Chincoteague is what you call a one-horse town. The one horse is Misty, from the book Misty of Chincoteague by Marguerite Henry. The story of a family determined to raise a filly born to a wild horse, the book won the Newbery prize and was made into a movie. I remember seeing the movie as a child, and I read the book to our girls when they were young.

The book put Chincoteague on the map. It popularized the herds of wild ponies that roam the island. It lent its name to dozens of shops, restaurants and tours. The Chincoteague High School team is — you guessed it — the Ponies. Hardly a fearsome name but, as Claire pointed out when we passed the high school yesterday, an artist has tried to make the ponies look fearsome. There is steam coming from their nostrils and they have a tough, no-nonsense gaze.

Tom and Celia chanced upon Misty herself the other day; she is stuffed and on display at a local museum. Ghoulish and over the top, to be sure. (Even in Kentucky, where horses are king, we bury our famous ones.)
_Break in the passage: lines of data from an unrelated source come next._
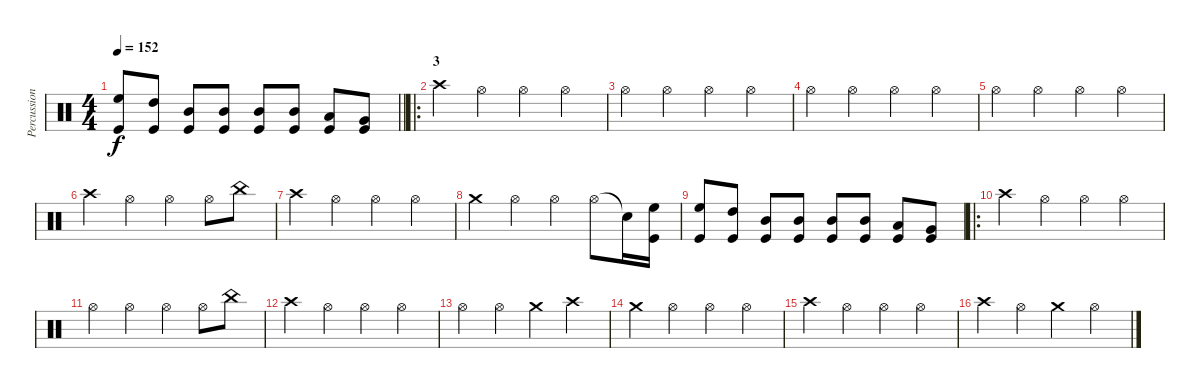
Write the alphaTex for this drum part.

\track ("Percussion" "Percussion") {instrument percussion}
\staff {score}
\articulation defaults
\ts (4 4)
\tempo 152
\clef neutral
\barLineRight lightlight
\ks c
("High Floor Tom (hit)" "Kick (hit)").8{dy f} ("High Tom (hit)" "Kick (hit)").8 ("Mid Tom (hit)" "Kick (hit)").8 ("Mid Tom (hit)" "Kick (hit)").8 ("Mid Tom (hit)" "Kick (hit)").8 ("Mid Tom (hit)" "Kick (hit)").8 ("Low Tom (hit)" "Kick (hit)").8 ("Very Low Tom (hit)" "Kick (hit)").8 |
\ro
\section ("" "3")
"Crash high (hit)".4 "Hi-Hat (open)".4 "Hi-Hat (open)".4 "Hi-Hat (open)".4 |
"Hi-Hat (open)".4 "Hi-Hat (open)".4 "Hi-Hat (open)".4 "Hi-Hat (open)".4 |
"Hi-Hat (open)".4 "Hi-Hat (open)".4 "Hi-Hat (open)".4 "Hi-Hat (open)".4 |
"Hi-Hat (open)".4 "Hi-Hat (open)".4 "Hi-Hat (open)".4 "Hi-Hat (open)".4 |
"Crash high (hit)".4 "Hi-Hat (open)".4 "Hi-Hat (open)".4 "Hi-Hat (open)".8 "China (hit)".8 |
"Crash high (hit)".4 "Hi-Hat (open)".4 "Hi-Hat (open)".4 "Hi-Hat (open)".4 |
"Crash medium (hit)".4 "Hi-Hat (open)".4 "Hi-Hat (open)".4 "Hi-Hat (open)".8 "Snare (hit)"{t}.16 ("High Floor Tom (hit)" "Kick (hit)").16 |
("High Floor Tom (hit)" "Kick (hit)").8 ("High Tom (hit)" "Kick (hit)").8 ("Mid Tom (hit)" "Kick (hit)").8 ("Mid Tom (hit)" "Kick (hit)").8 ("Mid Tom (hit)" "Kick (hit)").8 ("Mid Tom (hit)" "Kick (hit)").8 ("Low Tom (hit)" "Kick (hit)").8 ("Very Low Tom (hit)" "Kick (hit)").8 |
\ro "Crash high (hit)".4 "Hi-Hat (open)".4 "Hi-Hat (open)".4 "Hi-Hat (open)".4
|
"Hi-Hat (open)".4 "Hi-Hat (open)".4 "Hi-Hat (open)".4 "Hi-Hat (open)".8 "China (hit)".8 |
"Crash high (hit)".4 "Hi-Hat (open)".4 "Hi-Hat (open)".4 "Hi-Hat (open)".4 |
"Hi-Hat (open)".4 "Hi-Hat (open)".4 "Crash medium (hit)".4 "Crash high (hit)".4 |
"Crash medium (hit)".4 "Hi-Hat (open)".4 "Hi-Hat (open)".4 "Hi-Hat (open)".4 |
"Crash high (hit)".4 "Hi-Hat (open)".4 "Hi-Hat (open)".4 "Hi-Hat (open)".4 |
"Crash high (hit)".4 "Hi-Hat (open)".4 "Crash medium (hit)".4 "Hi-Hat (open)".4

But the hype is gentle as hype goes. It makes me feel tender about this place and, above all, glad to know that a book still has the power to change a place.


Saturday, July 2, 2011


It is the elemental other, where land and ocean meet, and since arriving here yesterday I have pondered the wonder of it all. When you have been often to the shore and you arrive again, you think, ah, here it is, the smell of the sea and the roar of the surf and you forget about the fundamental difference of this landscape, its churning activity, the drama of two worlds coming together. It takes a long walk to absorb it all. I've had two of those now. Let the absorption begin.


Friday, July 1, 2011


Vacation: A respite, an intermission, a period spend away from home or business, an act of vacating.

We begin today, a crazy rag-tag of a beach trip, with people coming and going, as people are apt to do when they are older and have jobs.

I remain, at heart, an optimist. I pack the Scrabble game, a deck of cards, a big puzzle — and a bag of books.